Arientha Primanita – A protest on Wednesday by about 200 angry contract teachers in front of City Hall turned ugly after they claimed they were being ignored and began throwing pots and plants at the building.
The teachers wanted the city to promote them to civil servants, as promised by Jakarta Governor Fauzi Bowo, said Eddi Sudiyo, a member of the Jakarta branch of the Indonesian Teacher Supporting Communication Forum (FKGBI), which claims to represent more than 6,700 contract educators.
Contract teachers currently only receive a Rp 710,000 ($78) monthly subsidy from the central government. Being promoted to civil servant status as full-time teachers would mean higher pay, health insurance and pensions.
Eddi said they were ignored by the administration in a protest last week, so they returned to the City Hall early on Wednesday morning, armed with mats, cooking tools and equipment as they were prepared for a protracted demonstration.

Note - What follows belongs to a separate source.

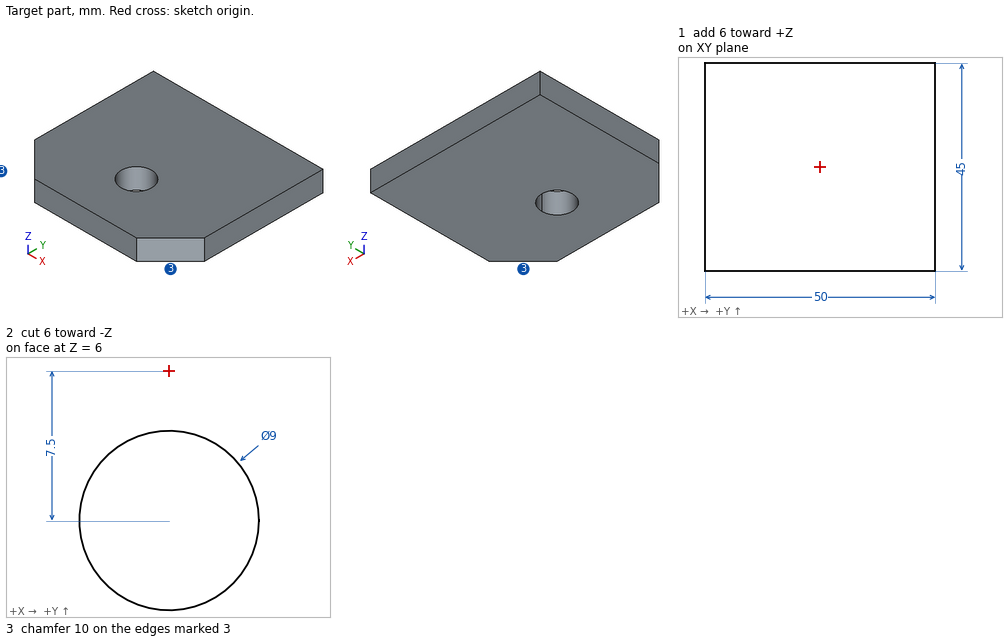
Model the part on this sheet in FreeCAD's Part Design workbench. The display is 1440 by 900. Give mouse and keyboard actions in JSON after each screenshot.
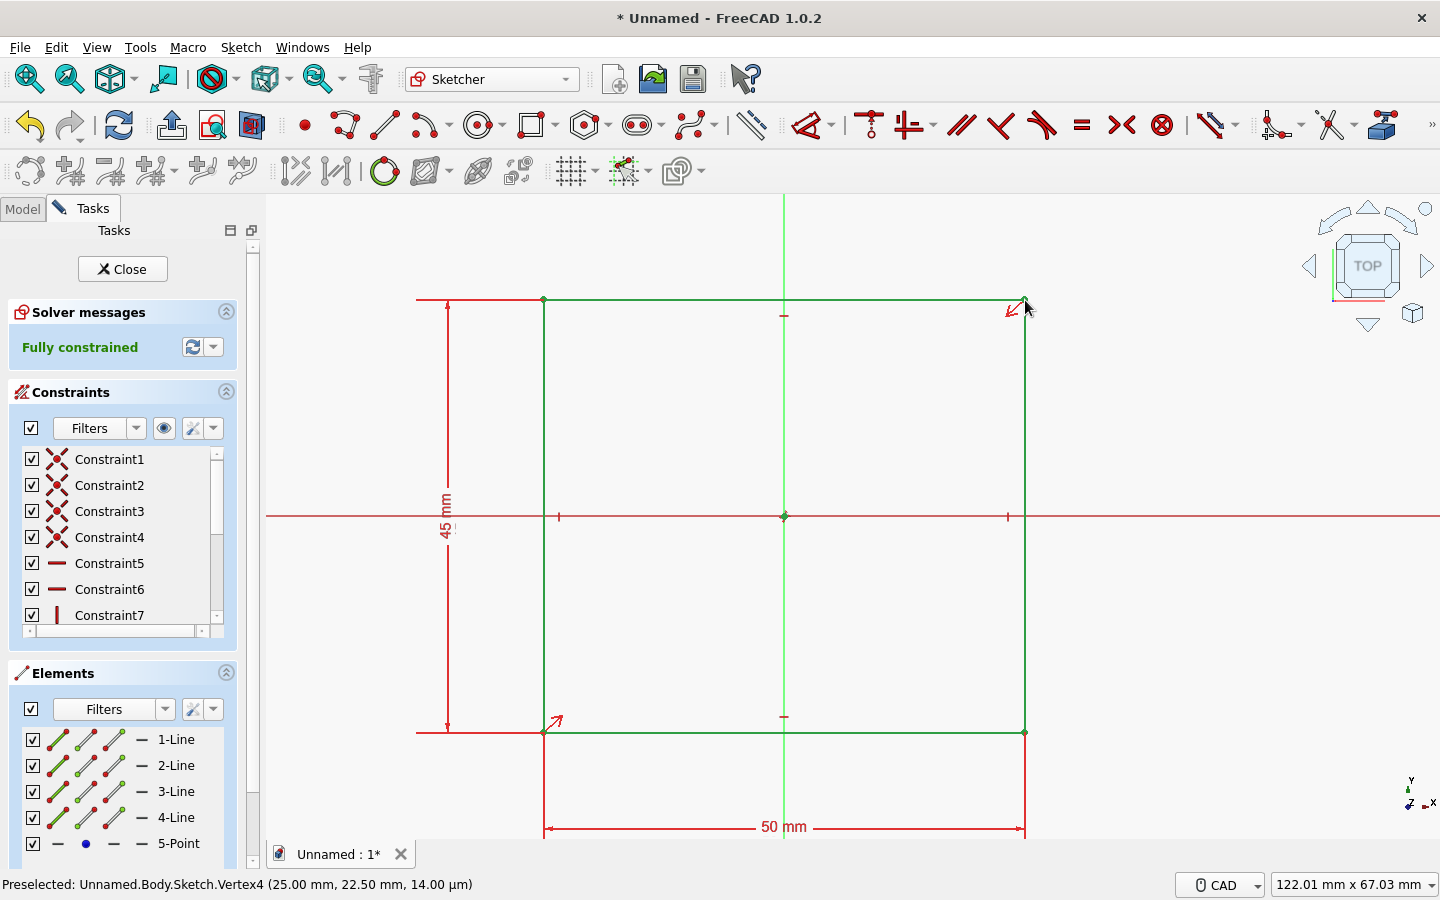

But by late afternoon the weary protesters became impatient and started throwing things – tomatoes, cooking pots and even the potted plants decorating the exterior of the City Hall – over the fence. Police officers watched the protesters but not intervene.
"They are angry and impatient. We have been here since morning, we want to meet the governor or city secretary," Eddi said. The city offered them a meeting with the head of the city's human resources office, but they refused, he said.
Syarifah Efiana, chairwoman of FKGBI, said that the governor had once promised them civil servant status based on the revision of 2005 Presidential Decree on Contract Workers in 2007. "Right now we only want the governor to seriously consider our fates," she said.
Budi Hastuti, the human resources head, said the city was coordinating with the State Ministry of Education and State Ministry of Administrative Reforms on the city's contract teachers' status.